• [Task directions]:
Reprint each record exactly. Pictures are not reprinted.

• [Records for the task]:
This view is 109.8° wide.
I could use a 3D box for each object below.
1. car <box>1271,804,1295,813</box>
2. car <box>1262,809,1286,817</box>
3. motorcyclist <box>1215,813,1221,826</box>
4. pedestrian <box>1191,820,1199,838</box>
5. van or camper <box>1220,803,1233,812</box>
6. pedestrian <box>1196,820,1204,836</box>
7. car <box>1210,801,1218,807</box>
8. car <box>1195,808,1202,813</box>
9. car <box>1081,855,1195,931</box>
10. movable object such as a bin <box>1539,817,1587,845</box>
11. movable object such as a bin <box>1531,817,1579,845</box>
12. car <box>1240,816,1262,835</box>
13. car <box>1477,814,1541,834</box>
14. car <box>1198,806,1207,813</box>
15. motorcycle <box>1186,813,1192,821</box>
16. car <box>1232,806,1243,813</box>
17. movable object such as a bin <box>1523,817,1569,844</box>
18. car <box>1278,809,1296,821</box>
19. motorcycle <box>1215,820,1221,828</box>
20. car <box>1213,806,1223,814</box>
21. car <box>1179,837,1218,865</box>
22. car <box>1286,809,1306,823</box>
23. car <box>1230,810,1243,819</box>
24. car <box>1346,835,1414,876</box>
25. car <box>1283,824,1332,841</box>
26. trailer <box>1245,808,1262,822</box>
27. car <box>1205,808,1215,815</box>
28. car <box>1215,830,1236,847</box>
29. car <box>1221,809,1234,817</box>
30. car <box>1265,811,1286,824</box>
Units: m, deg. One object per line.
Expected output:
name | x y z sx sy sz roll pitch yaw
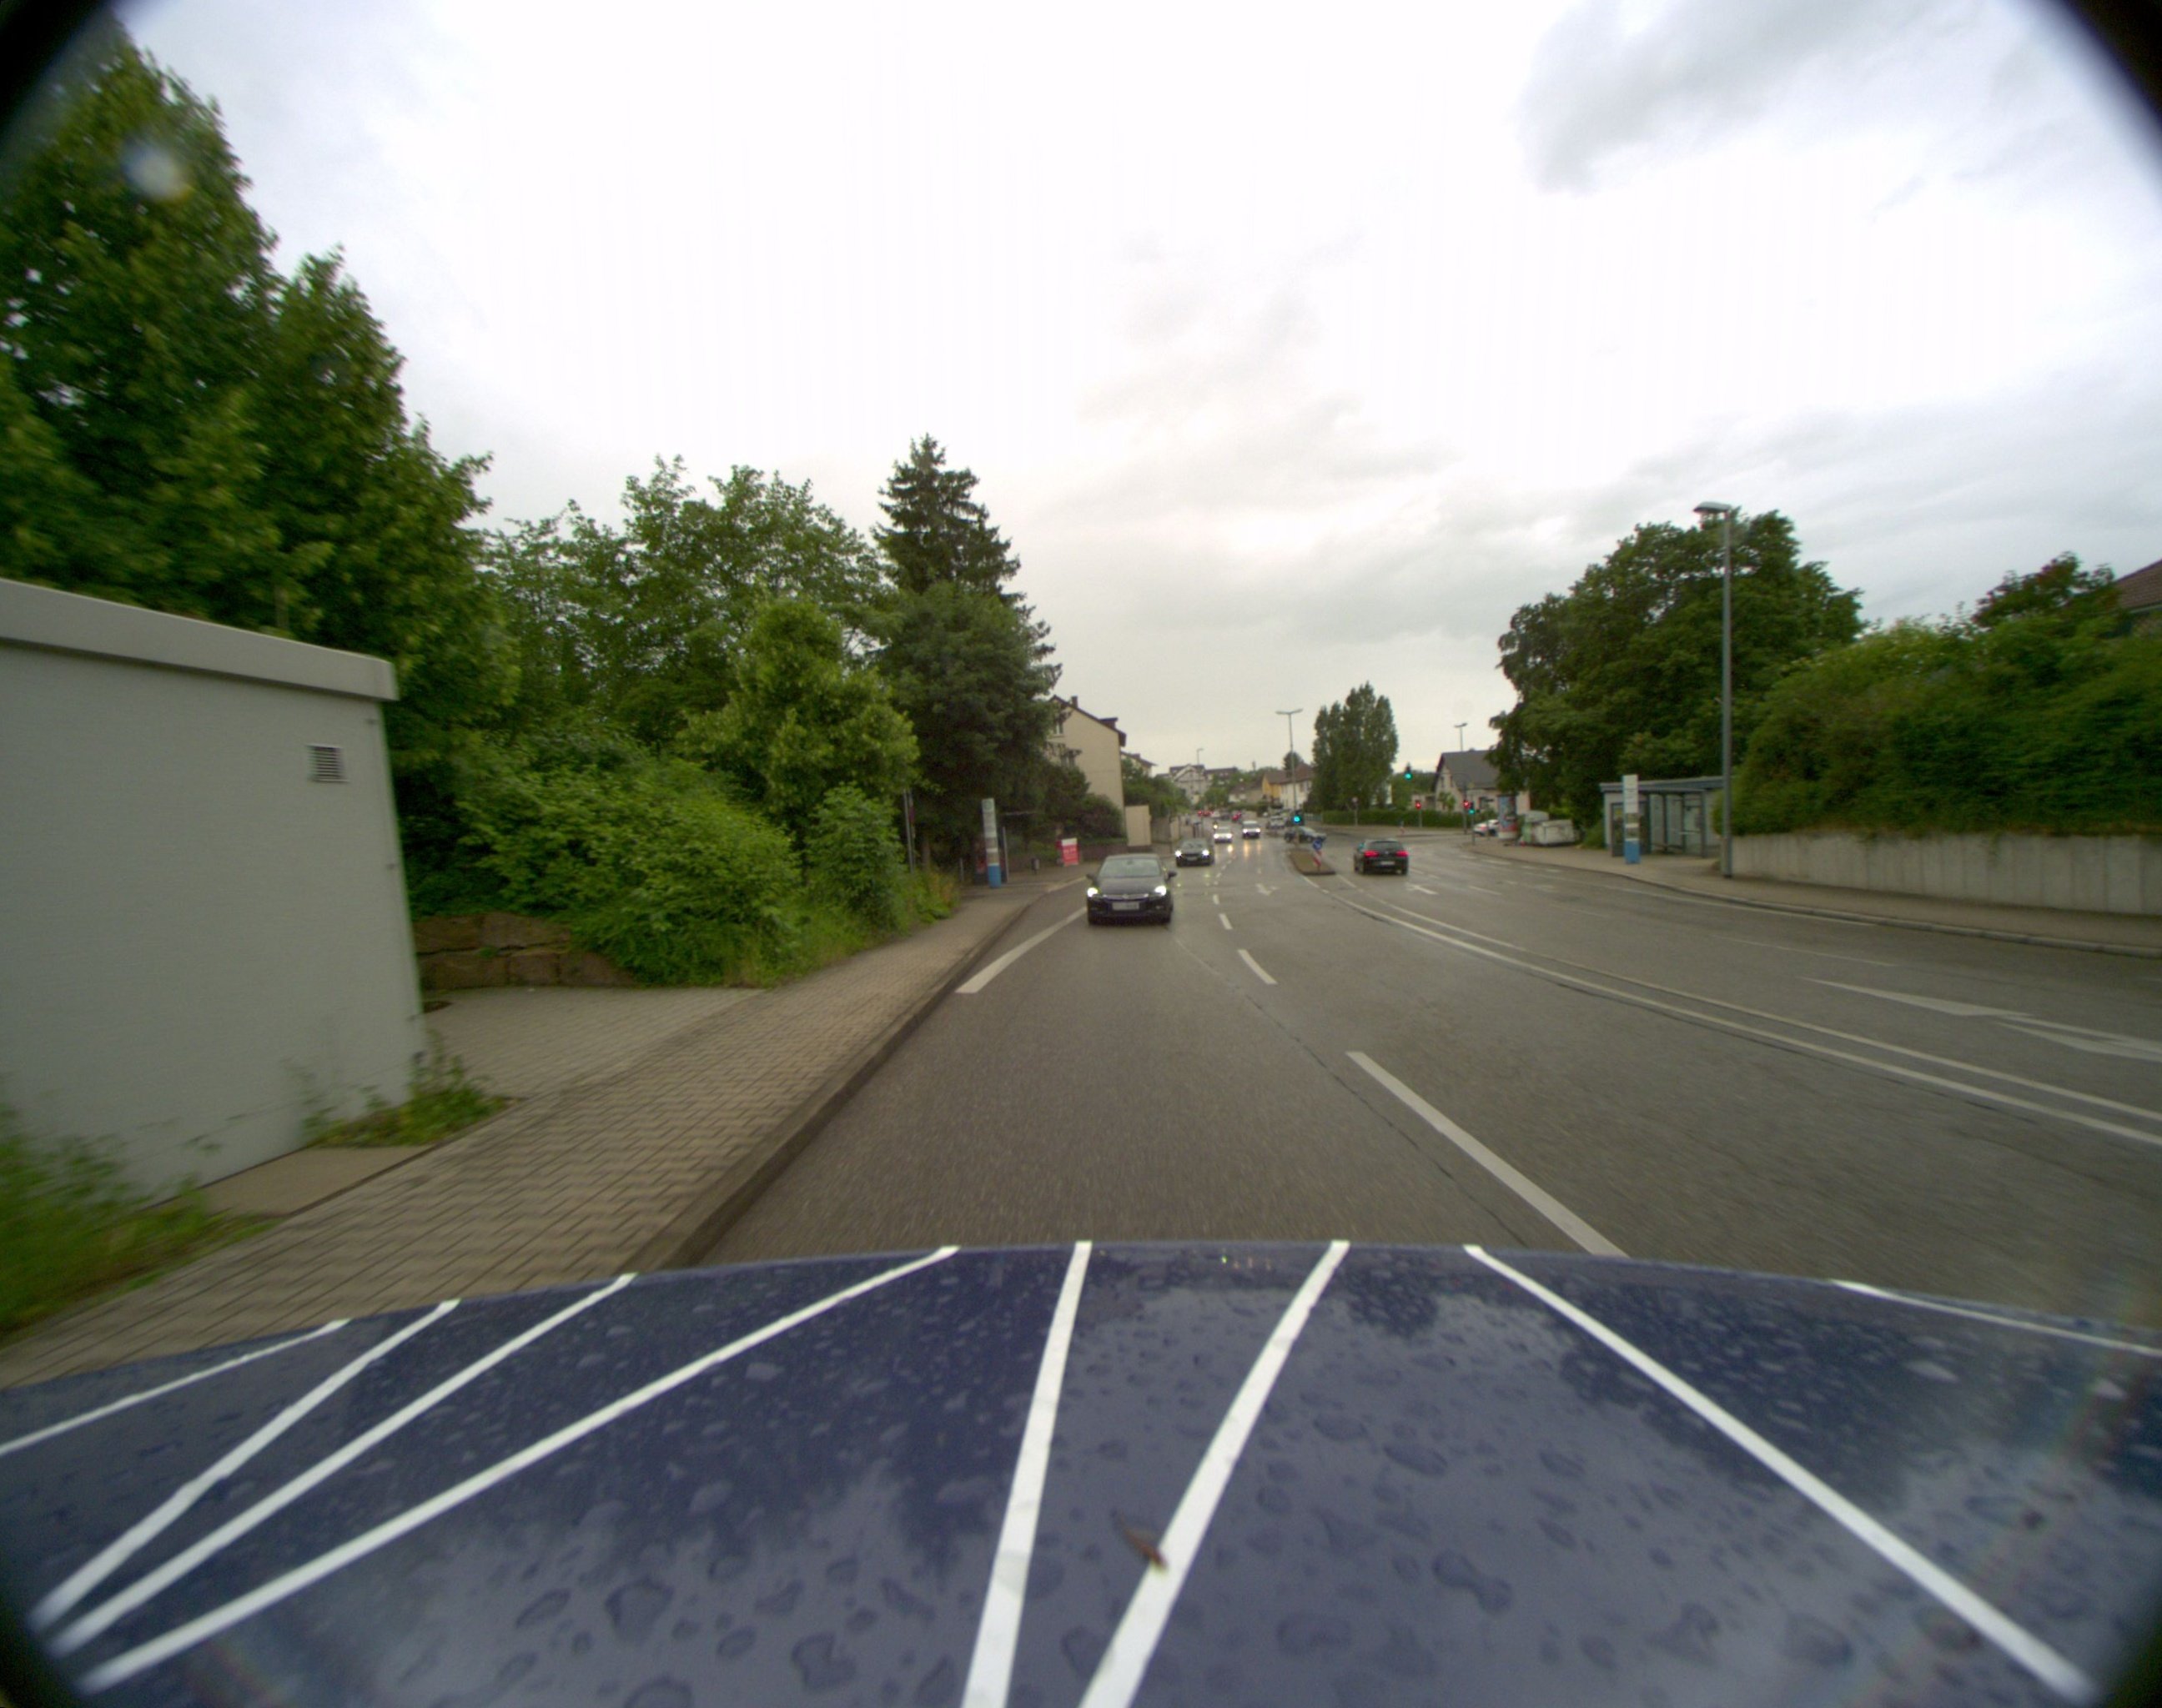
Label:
car | 38.228 -8.606 143.620 4.108 1.413 1.883 -4 4 5
car | 38.033 -8.012 149.627 4.110 1.476 1.839 1 4 -2
motorcyclist | 18.549 -4.665 103.065 0.761 1.594 0.808 -2 5 10
pedestrian | 12.996 -2.825 86.852 0.798 2.003 0.734 -3 5 11
van or camper | 34.481 -11.061 180.265 2.189 2.003 5.131 -3 5 3
pedestrian | 13.866 -3.069 88.621 0.795 1.771 1.011 -1 5 11
car | 41.098 -15.412 234.351 1.998 1.566 3.998 -3 5 5
car | 39.109 -14.572 253.135 1.836 1.522 3.998 -2 4 5
car | 1.409 0.779 16.983 1.838 1.390 4.003 -1 1 14
movable object such as a bin | 27.823 -1.319 43.888 2.060 1.506 1.345 -2 3 16
movable object such as a bin | 28.248 -1.390 45.315 2.060 1.560 1.582 -2 2 16
car | 18.681 -3.193 83.719 1.955 1.861 4.745 -2 4 8
car | 38.472 -2.721 68.339 4.647 1.520 1.913 -3 4 4
car | 30.210 -11.104 188.719 1.715 1.495 3.998 -3 4 4
motorcycle | 18.441 -6.337 129.731 0.694 1.318 2.478 -2 4 3
car | 33.909 -9.624 164.720 1.809 1.506 3.997 -2 4 2
movable object such as a bin | 28.665 -1.450 46.859 2.060 1.560 1.582 -2 2 16
car | 30.537 -5.788 112.681 1.808 1.560 4.140 -3 5 5
motorcycle | 18.595 -4.072 103.241 0.762 0.948 2.442 -2 5 10
car | 29.921 -9.607 166.314 1.839 1.548 4.768 -2 5 7
car | 6.705 -0.185 43.199 1.839 1.449 4.003 -2 0 13
car | 29.999 -5.277 105.954 1.808 1.661 4.596 -3 5 5
car | 27.759 -7.041 135.657 1.845 1.544 4.382 -2 4 6
car | 12.293 -0.005 31.480 1.895 1.479 4.236 -2 2 11
car | 21.168 -2.038 71.065 1.843 1.479 4.047 -6 5 -36
trailer | 27.231 -6.192 119.931 1.900 2.167 4.034 -3 3 3
car | 30.898 -10.226 181.641 1.857 1.456 3.998 -3 4 4
car | 14.621 -1.608 77.043 1.839 1.473 4.000 -2 3 7
car | 29.158 -8.182 151.461 1.998 1.566 3.998 -2 5 5
car | 26.587 -4.978 103.954 1.827 1.648 4.464 -2 4 3

• [Output]:
This view is 109.8° wide.
I could use a 3D box for each object below.
1. car <box>1271,804,1295,813</box>
2. car <box>1262,809,1286,817</box>
3. motorcyclist <box>1215,813,1221,826</box>
4. pedestrian <box>1191,820,1199,838</box>
5. van or camper <box>1220,803,1233,812</box>
6. pedestrian <box>1196,820,1204,836</box>
7. car <box>1210,801,1218,807</box>
8. car <box>1195,808,1202,813</box>
9. car <box>1081,855,1195,931</box>
10. movable object such as a bin <box>1539,817,1587,845</box>
11. movable object such as a bin <box>1531,817,1579,845</box>
12. car <box>1240,816,1262,835</box>
13. car <box>1477,814,1541,834</box>
14. car <box>1198,806,1207,813</box>
15. motorcycle <box>1186,813,1192,821</box>
16. car <box>1232,806,1243,813</box>
17. movable object such as a bin <box>1523,817,1569,844</box>
18. car <box>1278,809,1296,821</box>
19. motorcycle <box>1215,820,1221,828</box>
20. car <box>1213,806,1223,814</box>
21. car <box>1179,837,1218,865</box>
22. car <box>1286,809,1306,823</box>
23. car <box>1230,810,1243,819</box>
24. car <box>1346,835,1414,876</box>
25. car <box>1283,824,1332,841</box>
26. trailer <box>1245,808,1262,822</box>
27. car <box>1205,808,1215,815</box>
28. car <box>1215,830,1236,847</box>
29. car <box>1221,809,1234,817</box>
30. car <box>1265,811,1286,824</box>
Units: m, deg. One object per line.
Expected output:
name | x y z sx sy sz roll pitch yaw
Label:
car | 38.228 -8.606 143.620 4.108 1.413 1.883 -4 4 5
car | 38.033 -8.012 149.627 4.110 1.476 1.839 1 4 -2
motorcyclist | 18.549 -4.665 103.065 0.761 1.594 0.808 -2 5 10
pedestrian | 12.996 -2.825 86.852 0.798 2.003 0.734 -3 5 11
van or camper | 34.481 -11.061 180.265 2.189 2.003 5.131 -3 5 3
pedestrian | 13.866 -3.069 88.621 0.795 1.771 1.011 -1 5 11
car | 41.098 -15.412 234.351 1.998 1.566 3.998 -3 5 5
car | 39.109 -14.572 253.135 1.836 1.522 3.998 -2 4 5
car | 1.409 0.779 16.983 1.838 1.390 4.003 -1 1 14
movable object such as a bin | 27.823 -1.319 43.888 2.060 1.506 1.345 -2 3 16
movable object such as a bin | 28.248 -1.390 45.315 2.060 1.560 1.582 -2 2 16
car | 18.681 -3.193 83.719 1.955 1.861 4.745 -2 4 8
car | 38.472 -2.721 68.339 4.647 1.520 1.913 -3 4 4
car | 30.210 -11.104 188.719 1.715 1.495 3.998 -3 4 4
motorcycle | 18.441 -6.337 129.731 0.694 1.318 2.478 -2 4 3
car | 33.909 -9.624 164.720 1.809 1.506 3.997 -2 4 2
movable object such as a bin | 28.665 -1.450 46.859 2.060 1.560 1.582 -2 2 16
car | 30.537 -5.788 112.681 1.808 1.560 4.140 -3 5 5
motorcycle | 18.595 -4.072 103.241 0.762 0.948 2.442 -2 5 10
car | 29.921 -9.607 166.314 1.839 1.548 4.768 -2 5 7
car | 6.705 -0.185 43.199 1.839 1.449 4.003 -2 0 13
car | 29.999 -5.277 105.954 1.808 1.661 4.596 -3 5 5
car | 27.759 -7.041 135.657 1.845 1.544 4.382 -2 4 6
car | 12.293 -0.005 31.480 1.895 1.479 4.236 -2 2 11
car | 21.168 -2.038 71.065 1.843 1.479 4.047 -6 5 -36
trailer | 27.231 -6.192 119.931 1.900 2.167 4.034 -3 3 3
car | 30.898 -10.226 181.641 1.857 1.456 3.998 -3 4 4
car | 14.621 -1.608 77.043 1.839 1.473 4.000 -2 3 7
car | 29.158 -8.182 151.461 1.998 1.566 3.998 -2 5 5
car | 26.587 -4.978 103.954 1.827 1.648 4.464 -2 4 3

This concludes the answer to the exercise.